A verbatim copy of the listing is what is needed, minus any pictures.
-=-=-
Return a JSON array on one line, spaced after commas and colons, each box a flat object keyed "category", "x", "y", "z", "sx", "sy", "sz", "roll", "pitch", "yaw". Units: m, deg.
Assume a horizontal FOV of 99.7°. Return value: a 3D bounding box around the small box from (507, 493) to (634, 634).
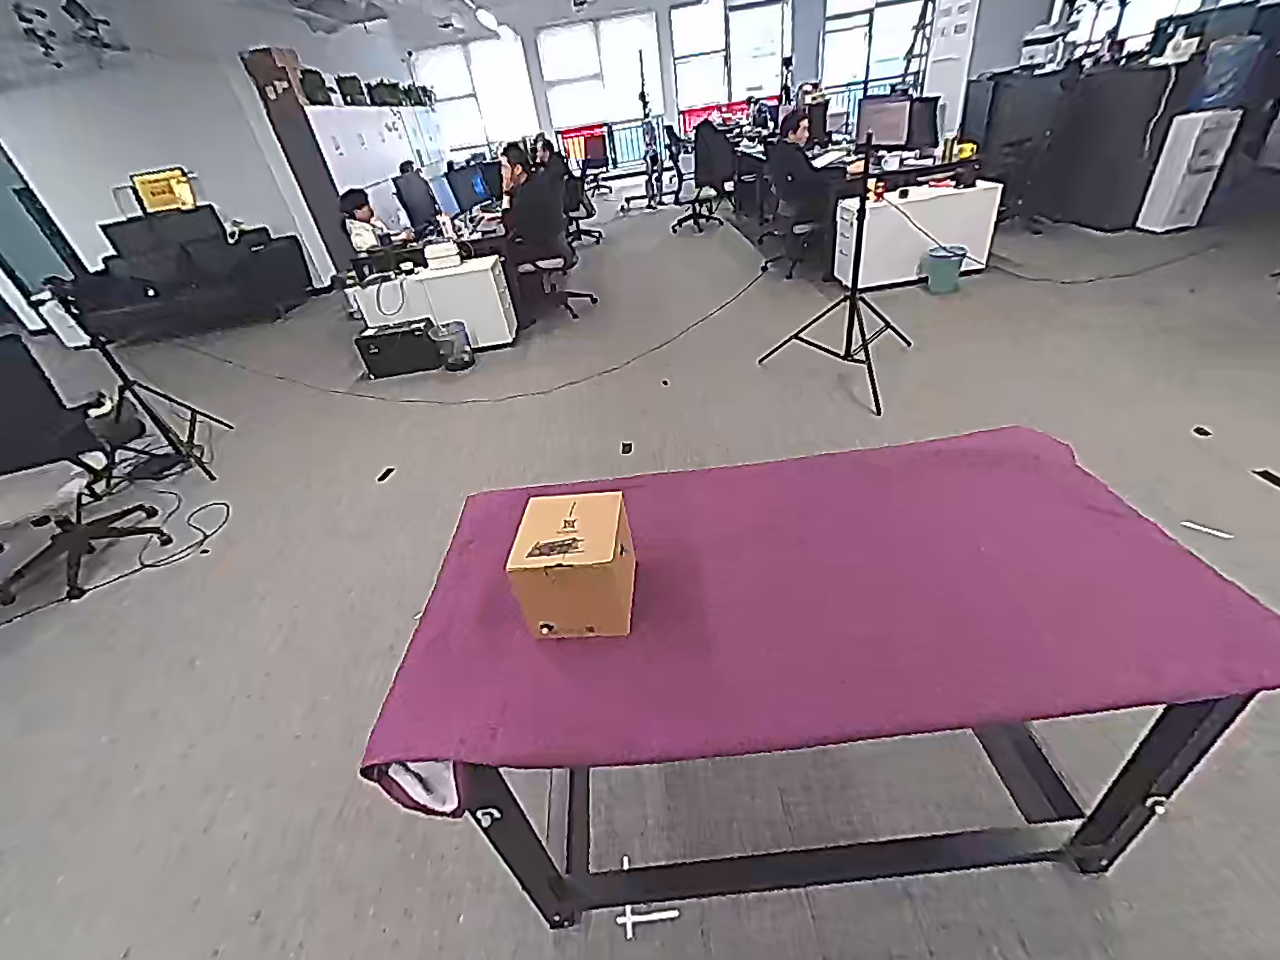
[{"category": "small box", "x": -0.105, "y": 0.145, "z": 0.913, "sx": 0.168, "sy": 0.176, "sz": 0.179, "roll": -4, "pitch": 35, "yaw": 7}]
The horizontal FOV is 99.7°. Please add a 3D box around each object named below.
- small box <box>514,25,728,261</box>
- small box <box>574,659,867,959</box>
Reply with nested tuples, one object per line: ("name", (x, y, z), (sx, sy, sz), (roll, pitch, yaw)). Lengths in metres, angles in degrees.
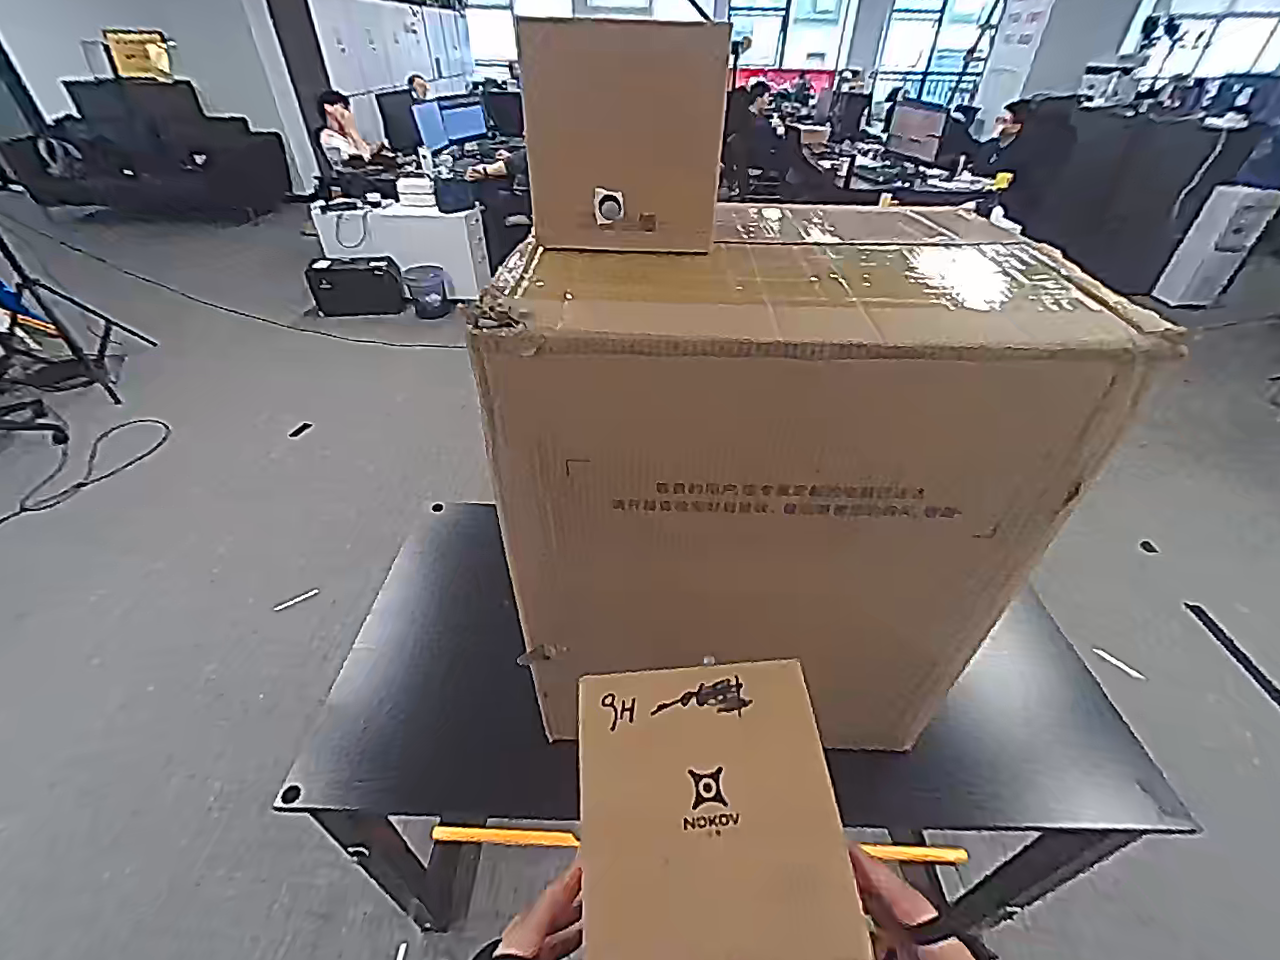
("small box", (-0.016, -0.322, 0.519), (0.168, 0.176, 0.179), (-1, 38, -1))
("small box", (0.042, 0.253, 0.410), (0.168, 0.176, 0.179), (-5, 55, -3))
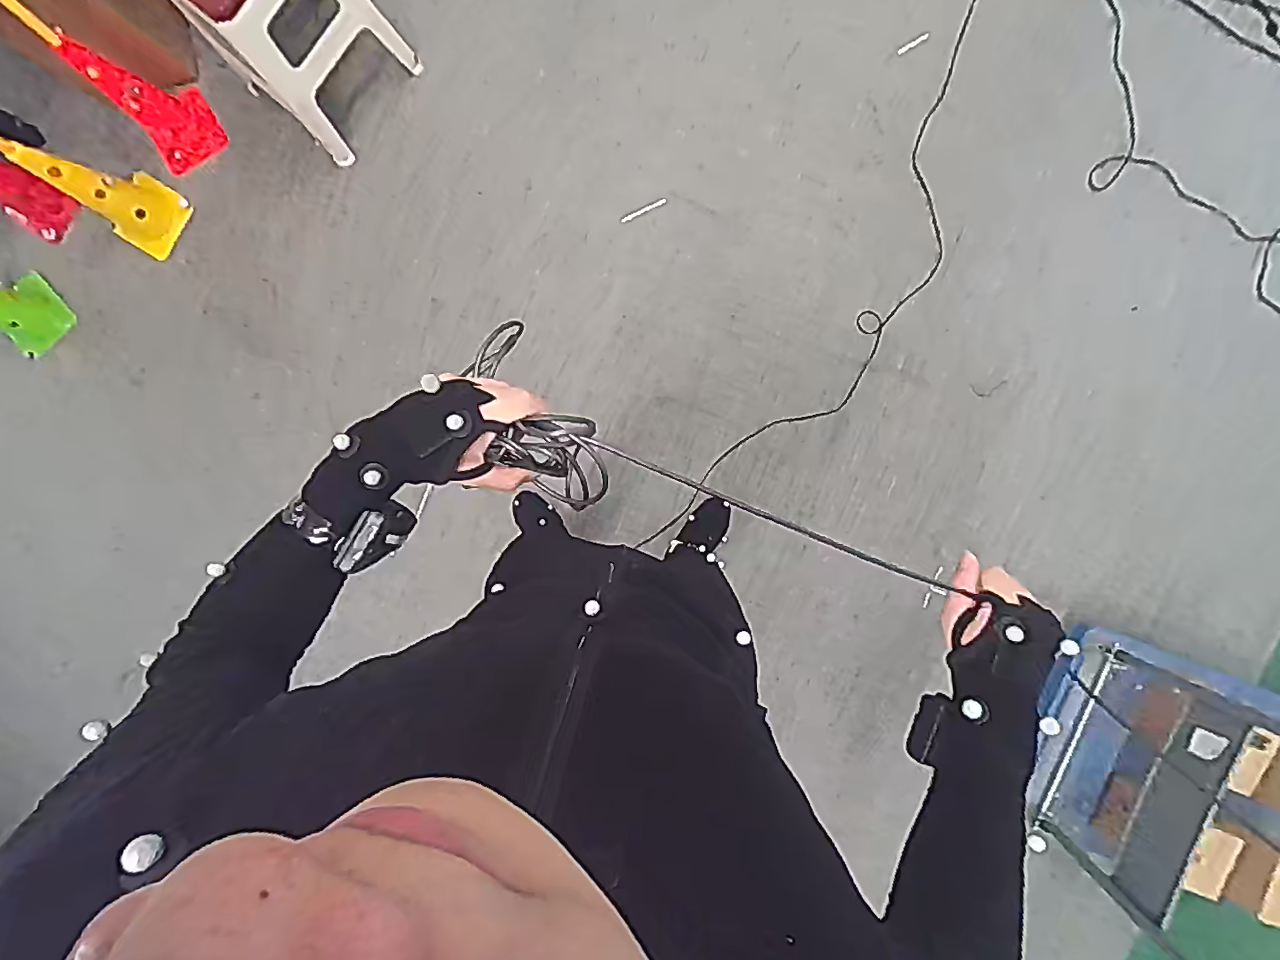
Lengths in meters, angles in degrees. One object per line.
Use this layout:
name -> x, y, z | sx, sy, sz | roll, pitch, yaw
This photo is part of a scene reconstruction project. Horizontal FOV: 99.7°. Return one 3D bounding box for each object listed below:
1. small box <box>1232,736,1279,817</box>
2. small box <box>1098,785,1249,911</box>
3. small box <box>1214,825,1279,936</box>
-=-=-
■ RESPONSE FOR THIS EXERCISE:
Return a JSON array on one line, spaced after commas and colons, each box a flat object keyed "category", "x", "y", "z", "sx", "sy", "sz", "roll", "pitch", "yaw". Units: m, deg.
Assume a horizontal FOV of 99.7°. Return value: a 3D bounding box around the small box from (507, 493) to (634, 634).
[{"category": "small box", "x": -0.105, "y": 0.145, "z": 0.913, "sx": 0.168, "sy": 0.176, "sz": 0.179, "roll": -4, "pitch": 35, "yaw": 7}]
The horizontal FOV is 99.7°. Please add a 3D box around each object named below.
- small box <box>514,25,728,261</box>
- small box <box>574,659,867,959</box>
Reply with nested tuples, one object per line: ("name", (x, y, z), (sx, sy, sz), (roll, pitch, yaw)). Lengths in metres, angles in degrees.
("small box", (-0.016, -0.322, 0.519), (0.168, 0.176, 0.179), (-1, 38, -1))
("small box", (0.042, 0.253, 0.410), (0.168, 0.176, 0.179), (-5, 55, -3))
Lengths in meters, angles in degrees. One object per line.
Use this layout:
name -> x, y, z | sx, sy, sz | roll, pitch, yaw
This photo is part of a scene reconstruction project. Horizontal FOV: 99.7°. Return one 3D bounding box for each object listed below:
1. small box <box>1232,736,1279,817</box>
2. small box <box>1098,785,1249,911</box>
3. small box <box>1214,825,1279,936</box>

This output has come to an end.